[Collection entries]

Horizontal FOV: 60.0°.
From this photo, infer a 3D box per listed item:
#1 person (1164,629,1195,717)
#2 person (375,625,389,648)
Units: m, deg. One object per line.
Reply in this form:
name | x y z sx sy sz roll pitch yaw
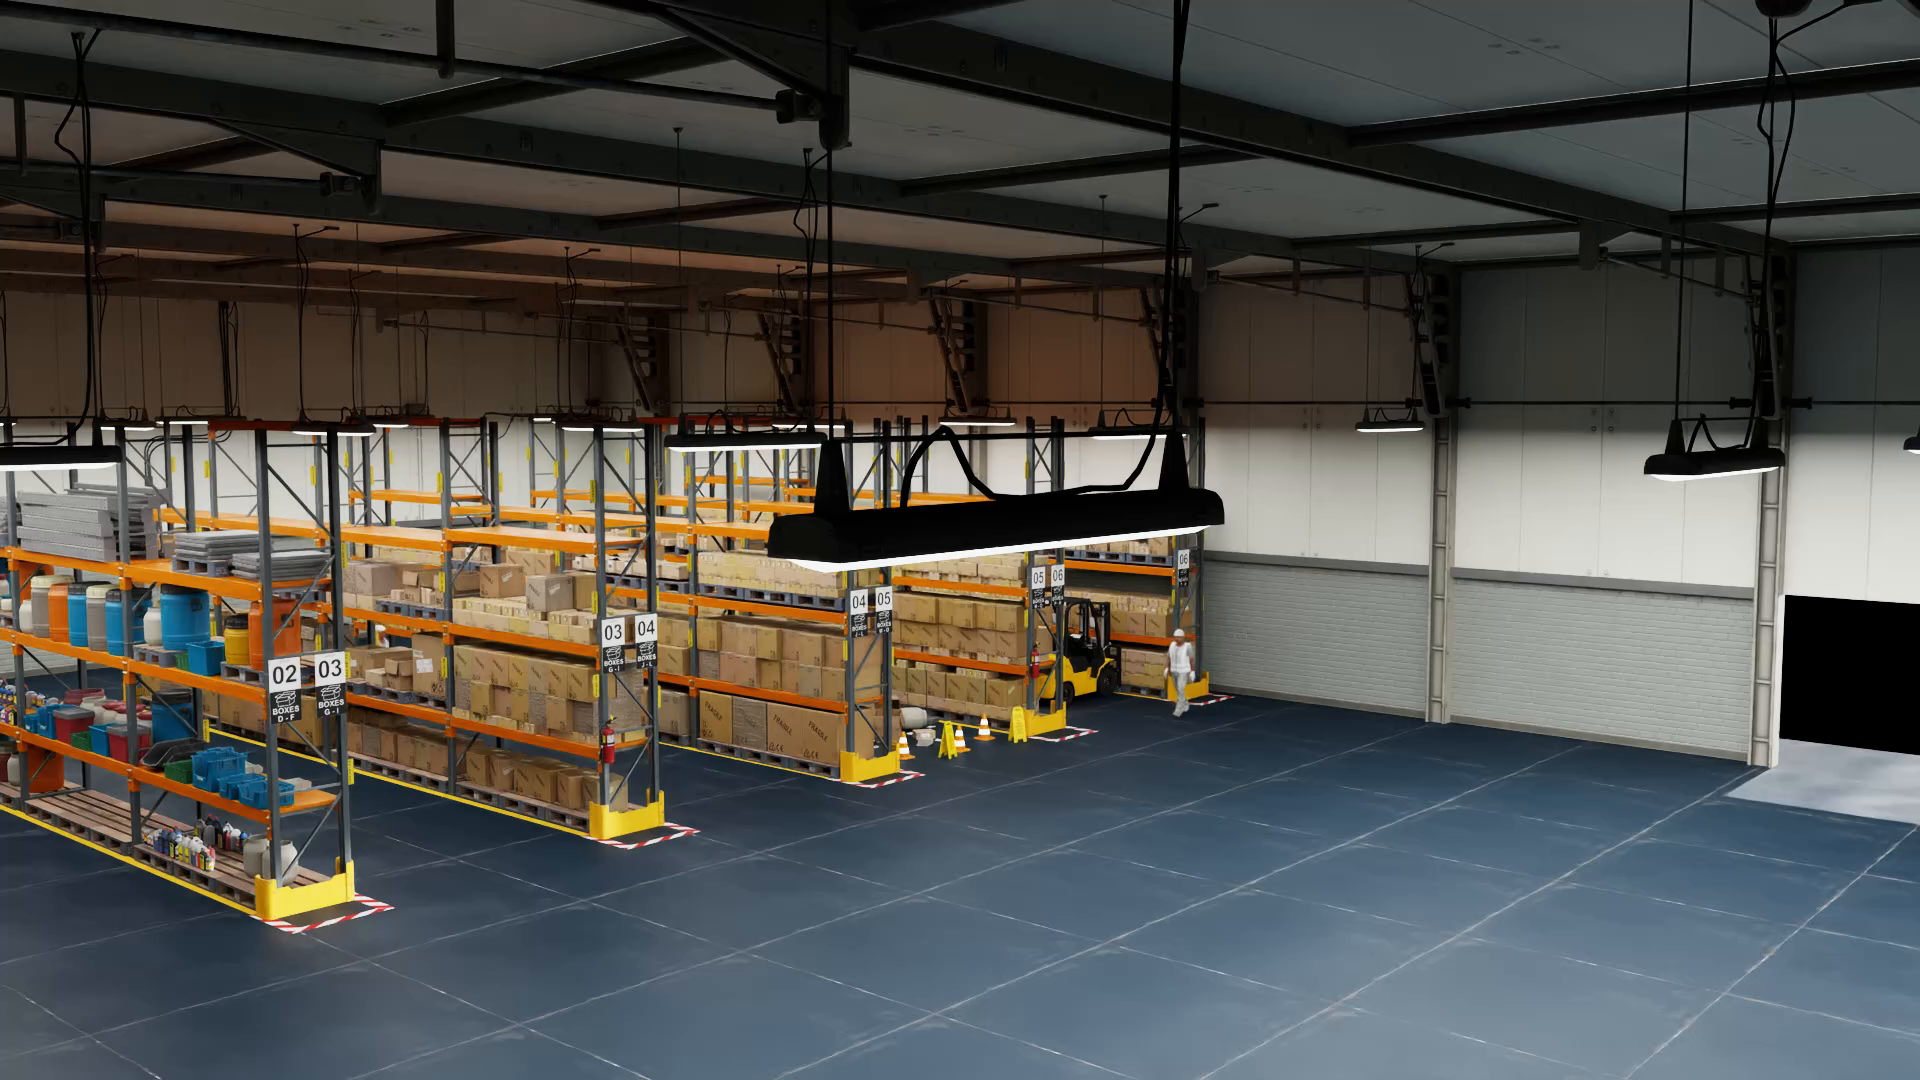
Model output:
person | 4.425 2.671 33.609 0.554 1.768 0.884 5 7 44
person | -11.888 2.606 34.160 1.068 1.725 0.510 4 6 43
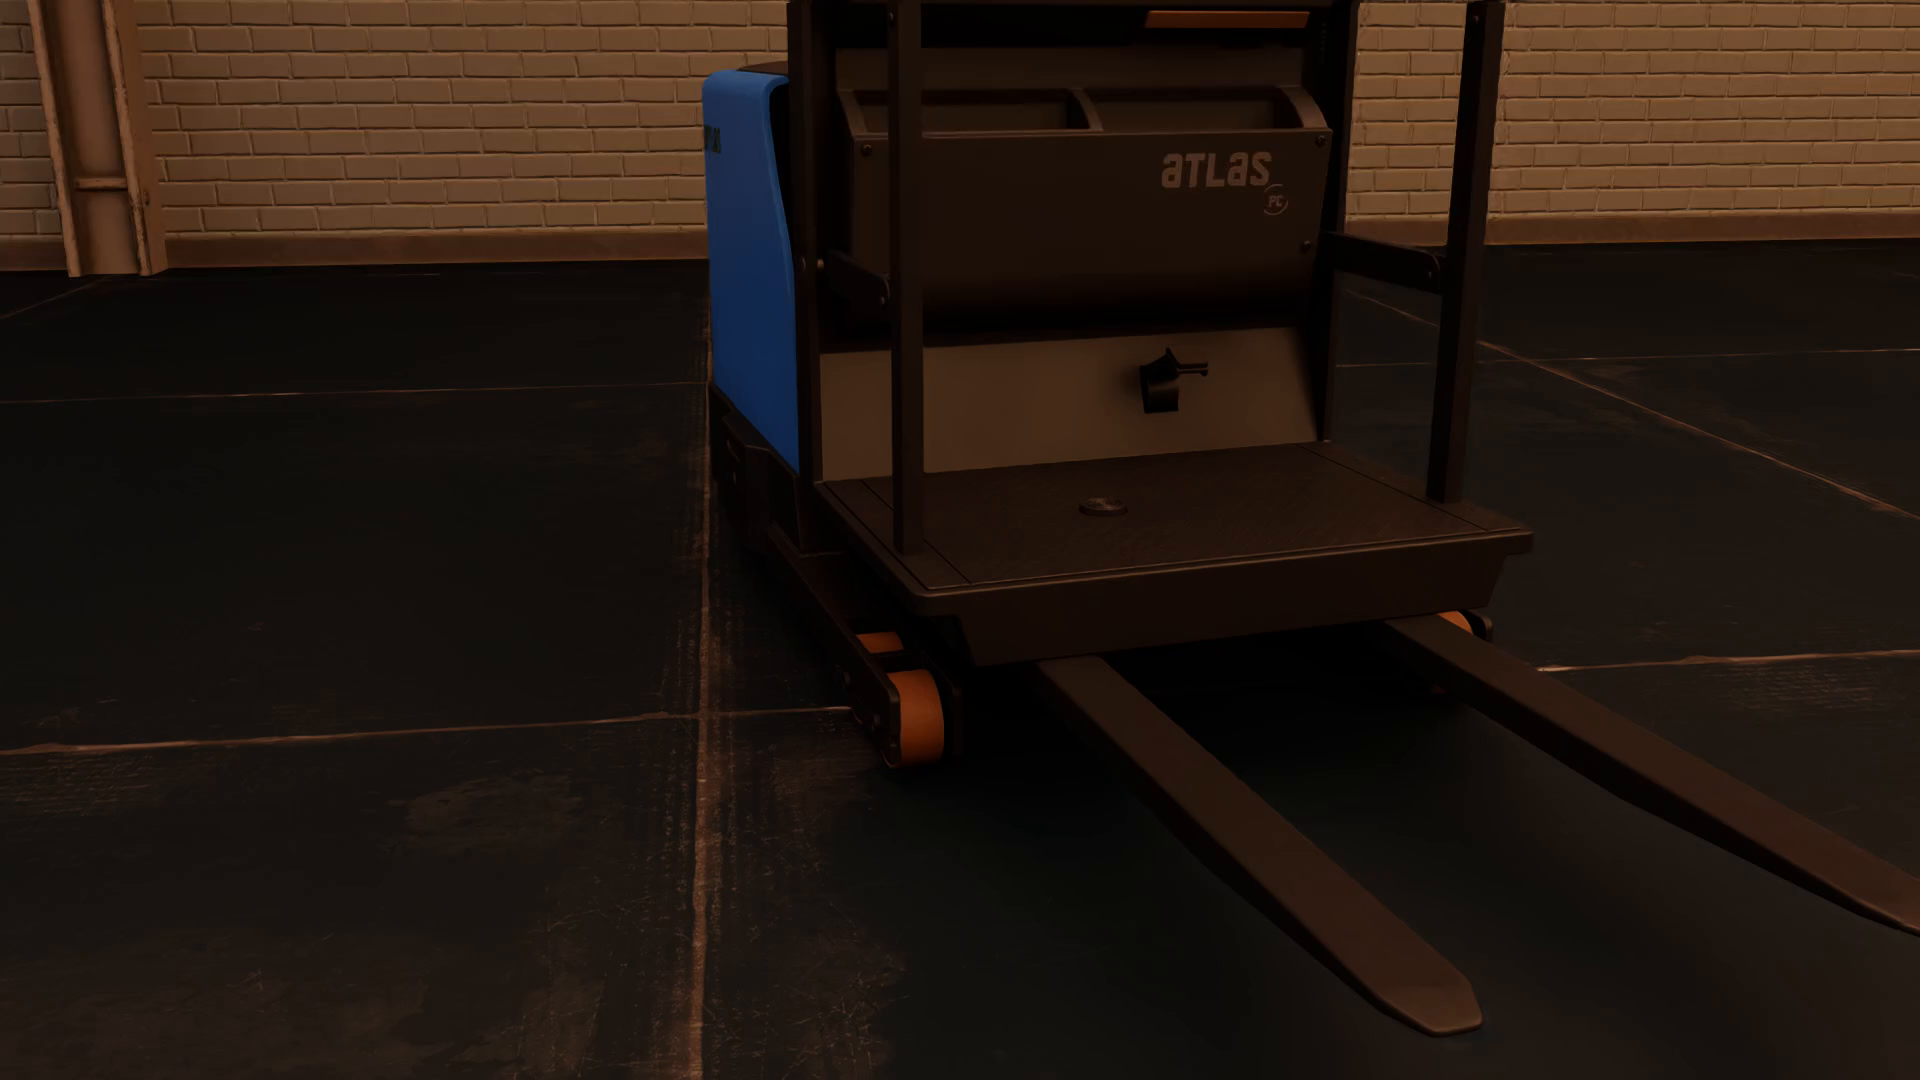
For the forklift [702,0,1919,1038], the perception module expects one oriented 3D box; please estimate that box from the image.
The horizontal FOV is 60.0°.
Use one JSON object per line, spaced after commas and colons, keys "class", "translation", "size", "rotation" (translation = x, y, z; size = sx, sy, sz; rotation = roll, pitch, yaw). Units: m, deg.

_WORK TO COMPLETE_
Output each line of the records exactly. Any picture is skipped.

_REPLY TO THE TASK_
Horizontal FOV: 60.0°.
From this photo, infer a 3D box per listed item:
#1 person (1164,629,1195,717)
#2 person (375,625,389,648)
Units: m, deg. One object per line.
Reply in this form:
name | x y z sx sy sz roll pitch yaw
Model output:
person | 4.425 2.671 33.609 0.554 1.768 0.884 5 7 44
person | -11.888 2.606 34.160 1.068 1.725 0.510 4 6 43
For the forklift [702,0,1919,1038], the perception module expects one oriented 3D box; please estimate that box from the image.
The horizontal FOV is 60.0°.
Use one JSON object per line, spaced after commas and colons, keys "class", "translation", "size", "rotation" (translation = x, y, z; size = sx, sy, sz; rotation = roll, pitch, yaw). Units: m, deg.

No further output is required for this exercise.